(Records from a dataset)
|---|

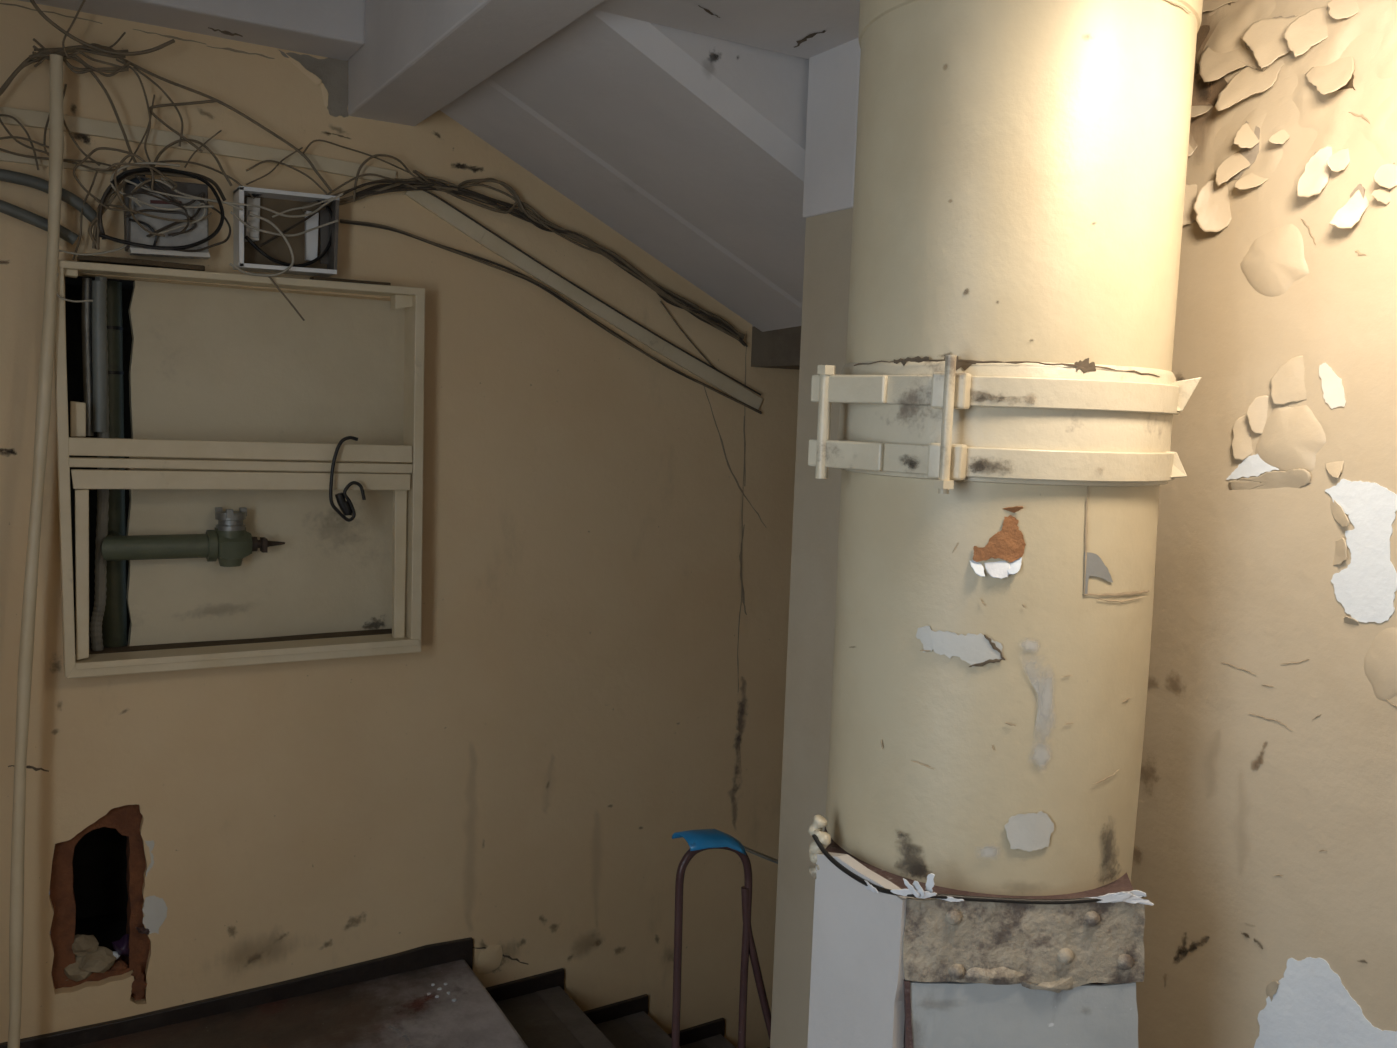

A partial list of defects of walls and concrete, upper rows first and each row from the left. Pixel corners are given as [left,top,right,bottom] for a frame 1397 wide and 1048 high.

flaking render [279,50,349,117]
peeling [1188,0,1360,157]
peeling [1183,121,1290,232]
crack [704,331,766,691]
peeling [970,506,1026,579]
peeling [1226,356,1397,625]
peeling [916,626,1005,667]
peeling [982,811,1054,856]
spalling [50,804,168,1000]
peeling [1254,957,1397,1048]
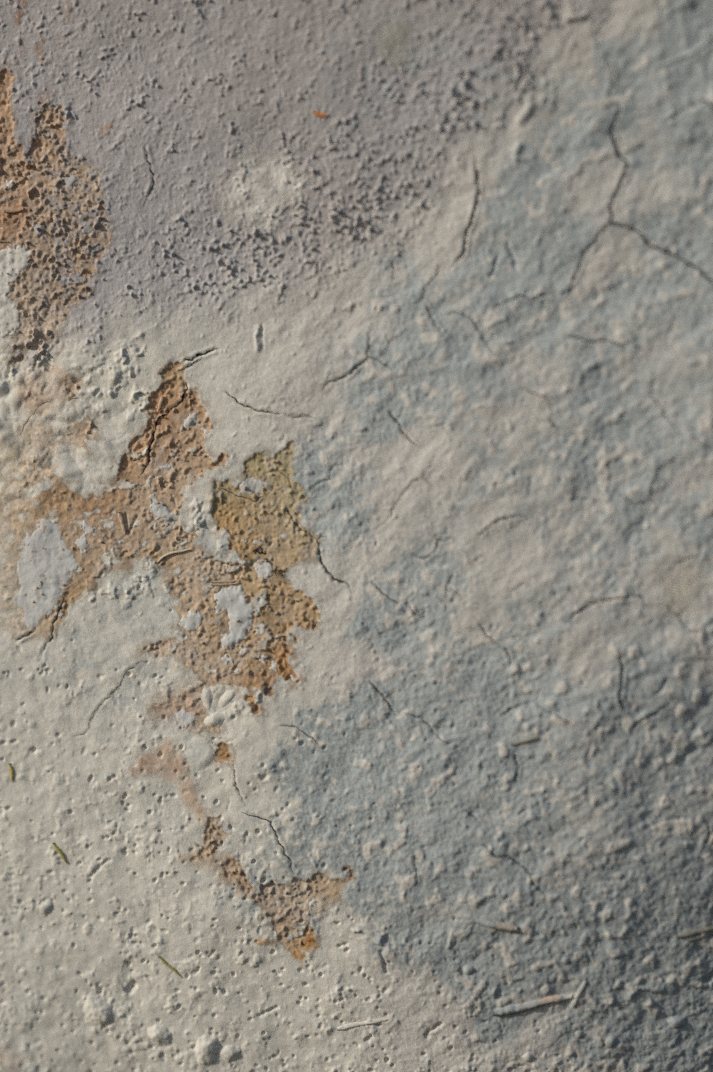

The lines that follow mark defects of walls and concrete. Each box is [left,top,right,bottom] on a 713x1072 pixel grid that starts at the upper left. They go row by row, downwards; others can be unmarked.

|---|

● Assigned task: Your job is to transcribe the entries above exactly; skip the pictures.

● Result for this task:
A partial list of defects of walls and concrete, upper rows first and each row from the left. Pixel corners are given as [left,top,right,bottom] for a frame 1397 wide and 1048 high.

flaking render [279,50,349,117]
peeling [1188,0,1360,157]
peeling [1183,121,1290,232]
crack [704,331,766,691]
peeling [970,506,1026,579]
peeling [1226,356,1397,625]
peeling [916,626,1005,667]
peeling [982,811,1054,856]
spalling [50,804,168,1000]
peeling [1254,957,1397,1048]

The lines that follow mark defects of walls and concrete. Each box is [left,top,right,bottom] on a 713x1072 pixel grid that starts at the upper left. They go row by row, downwards; others can be unmarked.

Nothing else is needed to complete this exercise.